Aquele mundo era o Reino do Grande Qian, fundado sobre as famílias Xuanwu; a casa imperial era o maior desses clãs, e outros inúmeros, de todos os tamanhos, espalhavam-se como estrelas pelo mundo.
Entrelaçados em intricada rede, influenciavam direta ou indiretamente a política, a economia e até o destino do império.
Embora a Casa Wang fosse apenas uma linhagem menor de nona categoria, em Ping’an de Changning era uma força dominante, gozando de influência considerável até mesmo nos órgãos oficiais da guarnição.
Outrora, nos tempos do bisavô de Shouzhe, os Wang eram senhores incontestes de Ping’an, e seu poder alcançava as cercanias de Changning.
Contudo, após as duas guerras decisivas narradas no “Registro”, que ceifaram os grandes mestres do clã, a decadência se acentuou ano após ano. Nem mesmo a grandiosa Longyan, com seus esforços, podia deter o avanço das famílias Liu e Zhao.
O patriarca Dingyue, na ânsia de atingir o Altar Espiritual e reverter o declínio, arriscou a vida buscando oportunidades em terras selvagens.
Mas seu intento fracassou, e sua morte prematura agravou ainda mais o infortúnio dos Wang de Ping’an.
Mantido o curso dos acontecimentos, em poucas décadas as posses e negócios dos Wang seriam absorvidos pelas duas famílias rivais; o outrora imponente clã ruiria, e seu sangue nobre seria reduzido à condição de plebeu.
— Ao menos, é um mundo interessante… — Shouzhe semicerrava os olhos, a fusão das memórias o levando à reflexão. — Pelas lembranças, meu predecessor, embora jovem, não era figura banal.
A memória lhe revelava que Wang Shouzhe, desde pequeno, fora tido como prodígio; entre as sete gerações descendentes do ancestral Zhouxuan, somente Longyan o superava em talento.
Sob os recursos concentrados da família, atingira, aos dezoito anos, o sexto estágio avançado do Refinamento do Qi, próximo ao sétimo.
Boa notícia: ao menos não reencarnara num inútil.
O criado Wang Gui, diante das expressões cambiantes do jovem senhor, preocupou-se ainda mais:
— Patriarca, descanse um pouco; irei chamar o médico imediatamente.
— Não é necessário, estou bem melhor — replicou Wang Shouzhe, detendo-o. — Wang Gui, deixe-me só, preciso meditar sobre alguns assuntos.
— Sim, senhor!

Wang Gui depositou a caixa de refeições, fez uma reverência e se retirou, fechando a porta com cautela.
A sós, Wang Shouzhe enfim suspirou aliviado, a mente relaxando. Dias de vigília e fusão de consciência o deixaram sem apetite; o estômago, agora, bramava de fome.

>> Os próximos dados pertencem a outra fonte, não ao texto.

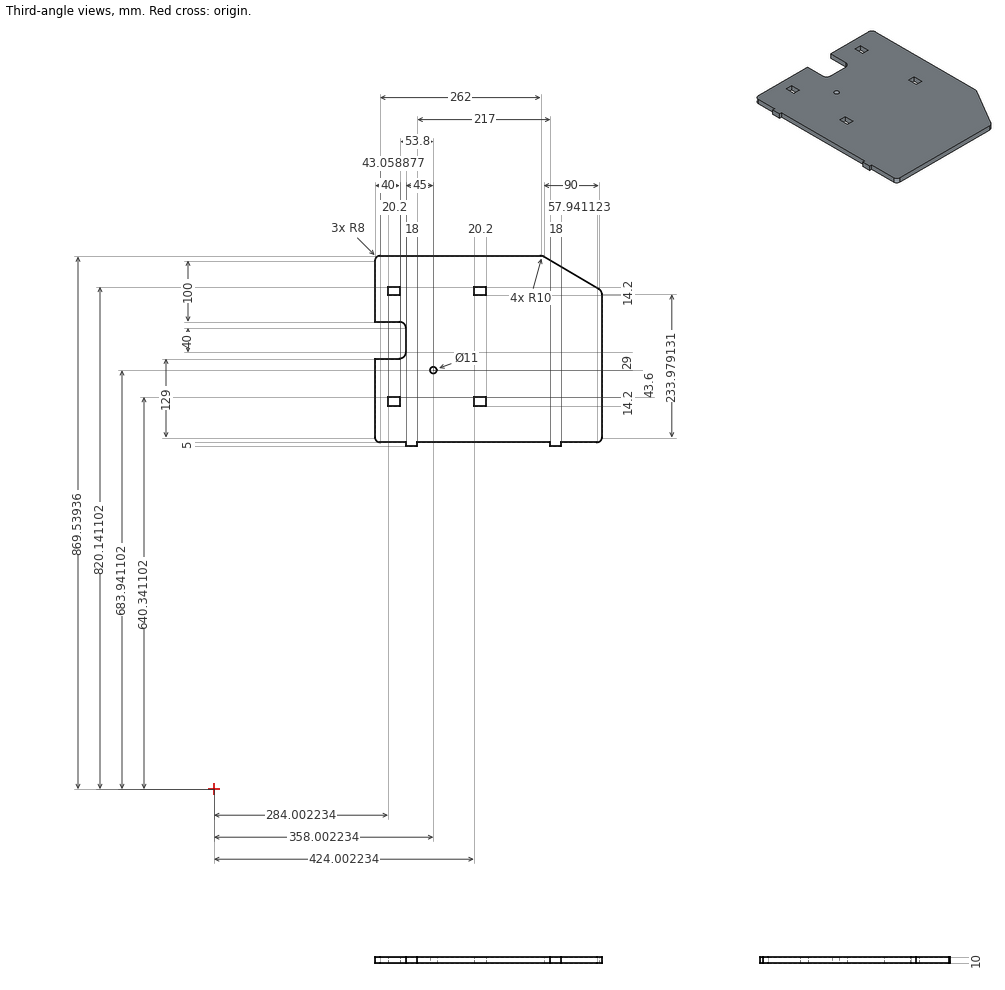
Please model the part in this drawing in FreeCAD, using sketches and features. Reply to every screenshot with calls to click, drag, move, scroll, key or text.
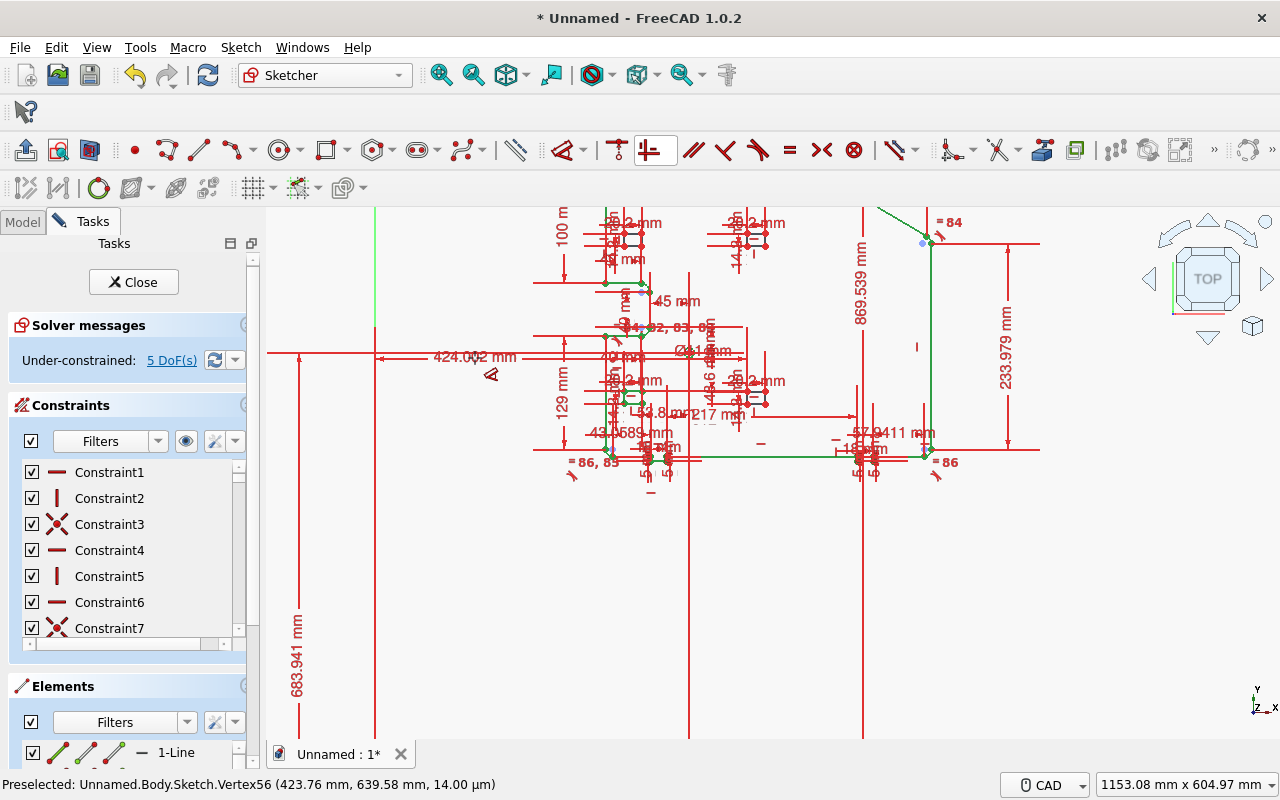
click(747, 392)
click(341, 551)

Questões de restauração do clã podiam aguardar — primeiro, era preciso saciar-se, depois viria a reflexão.
Retirando a tampa da requintada caixa de sândalo, foi envolvido por um aroma singular de iguarias. O interior dividia-se em compartimentos: arroz, legumes, carnes e um pedaço de peixe ao vapor.
O desejo aguçado, apanhou velozmente os hashis, levando à boca um naco de carne. O tempero era comum, mas a textura surpreendente; mastigando, o sabor suculento explodia no paladar, e, ao engolir, uma tênue onda de calor parecia percorrer-lhe o corpo.
Que delícia era aquela?
Porco? Não, a carne era demasiado macia. Cordeiro? Tampouco; não havia qualquer traço de odor forte, apenas pureza e suculência, recordando o raro bife bovino importado que provara antes de atravessar o véu do mundo.

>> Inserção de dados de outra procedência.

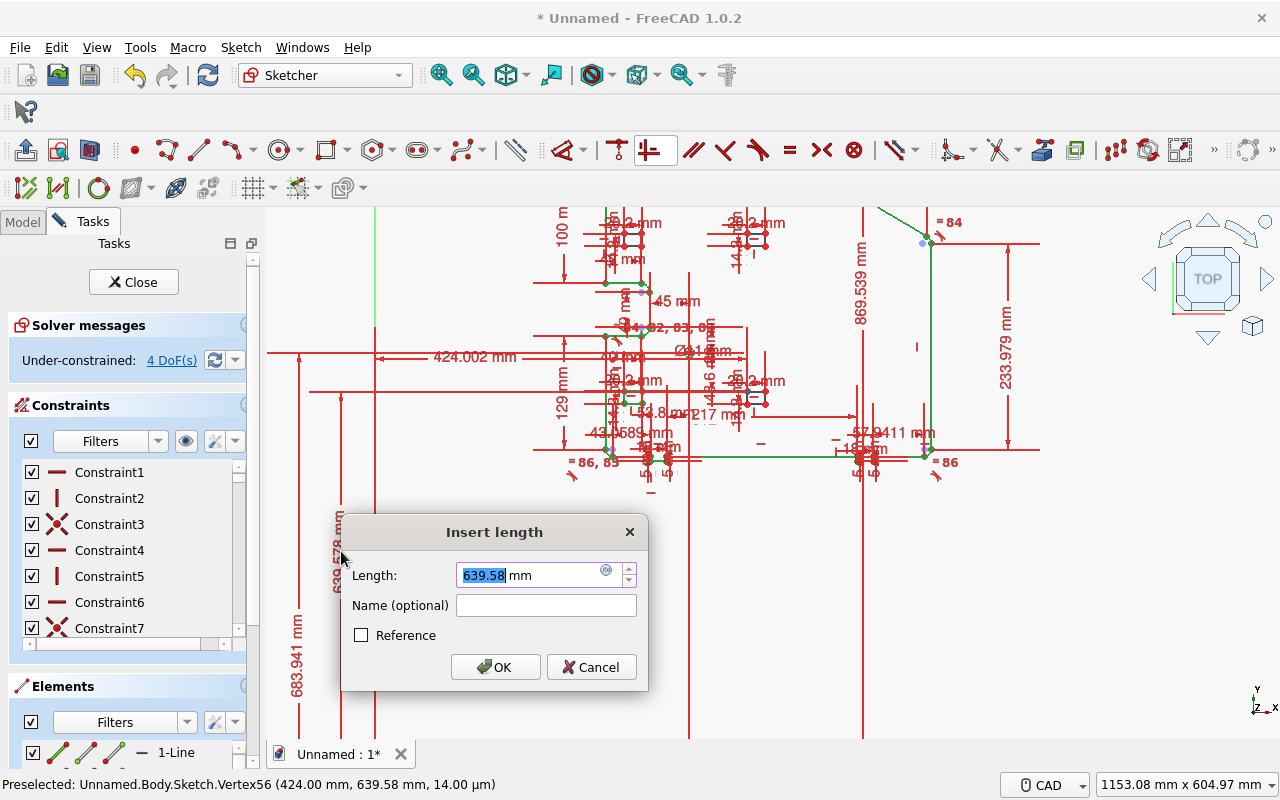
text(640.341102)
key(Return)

Logo, porém, as memórias lhe sussurraram: tratava-se de carne de iaque de chifre espiritual, iguaria preciosa, cuja ingestão contínua fortalecia o corpo e auxiliava o cultivo.

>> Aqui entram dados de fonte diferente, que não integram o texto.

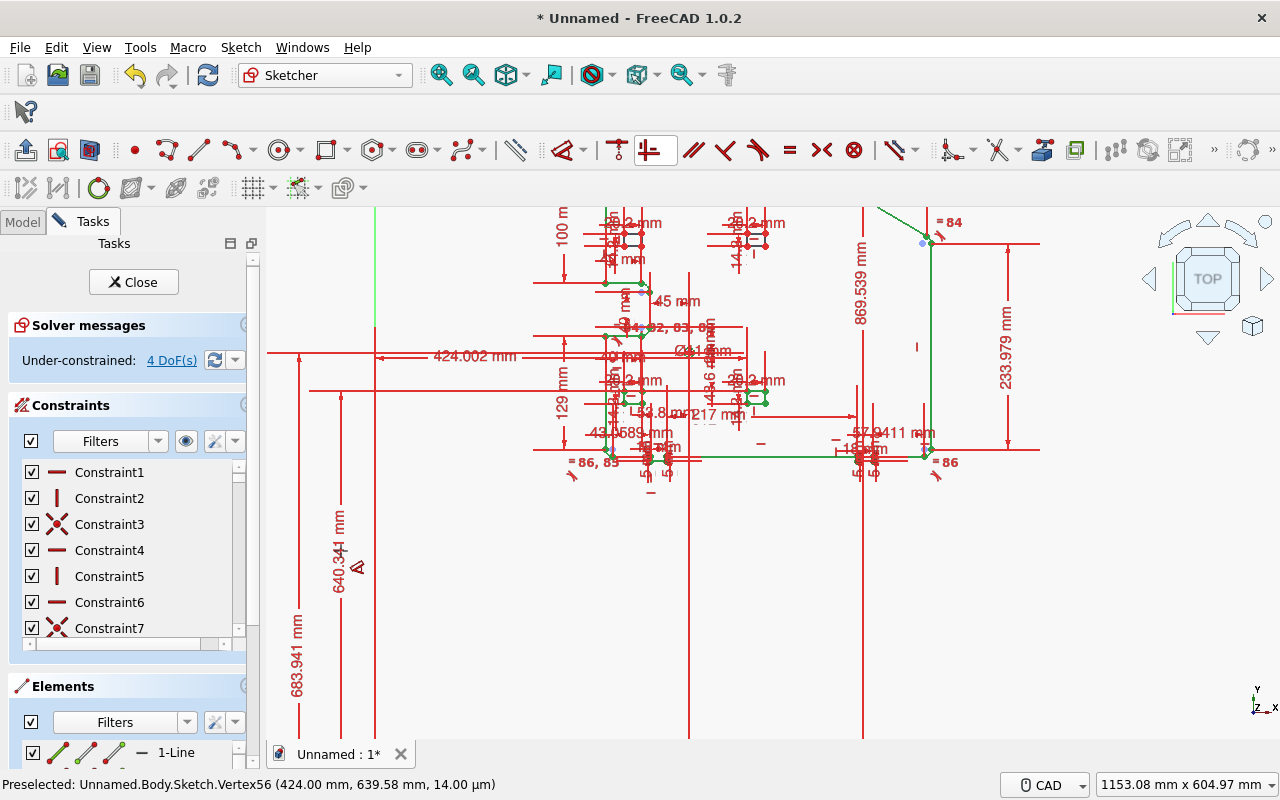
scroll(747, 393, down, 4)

Como jovem patriarca e prodígio, seu acesso às melhores provisões do clã era garantido.
Sentindo a energia cálida percorrendo-lhe as veias, uma vitalidade renovada o invadiu. Sem se conter, devorou toda a carne de iaque.
Ainda insatisfeito, voltou-se para o peixe ao vapor — a memória dizia tratar-se de um “lingan de cauda vermelha”, raro peixe espiritual dos rios próximos, fera de segundo nível, cujos exemplares podiam pesar centenas de jin e eram de uma ferocidade capaz de virar embarcações.
Pescadores comuns fugiam em pânico de tais criaturas; hesitassem, a morte era certa.
Aquele exemplar fora capturado no ano anterior pelo falecido patriarca Wang Dingyue, junto de mestres do clã, e, após cuidadosamente preparado e conservado em salmoura, destinado como alimento espiritual aos jovens de sangue nobre.
A cozinheira já removera as espinhas; o peixe, fresco, macio e escorregadio, preenchia o corpo de um frescor reconfortante, deleite incomparável.
O arroz, por sua vez, não era trivial: grãos translúcidos, firmes e elásticos, de intenso aroma de orquídea e gergelim — o renomado arroz espiritual Baiyu Zhi.
Aquela refeição reanimou Wang Shouzhe; a fraqueza e o torpor dissiparam-se, cedendo lugar à energia e ao vigor.
Se pudesse alimentar-se assim em todas as refeições, seu cultivo certamente avançaria a passos largos.
Mas tal luxo era impossível; o clã já não possuía o antigo esplendor. Mesmo sua posição não lhe permitiria tamanho fausto, e menos ainda aos demais membros.
Agora, como patriarca, não poderia negligenciar os outros, apropriando-se insaciavelmente dos recursos da família. Procedendo assim, o clã perderia a coesão e apressaria seu fim.
Mesmo que fosse apenas para continuar a desfrutar dessas iguarias, seria imperativo fortalecer e restaurar a Casa Wang.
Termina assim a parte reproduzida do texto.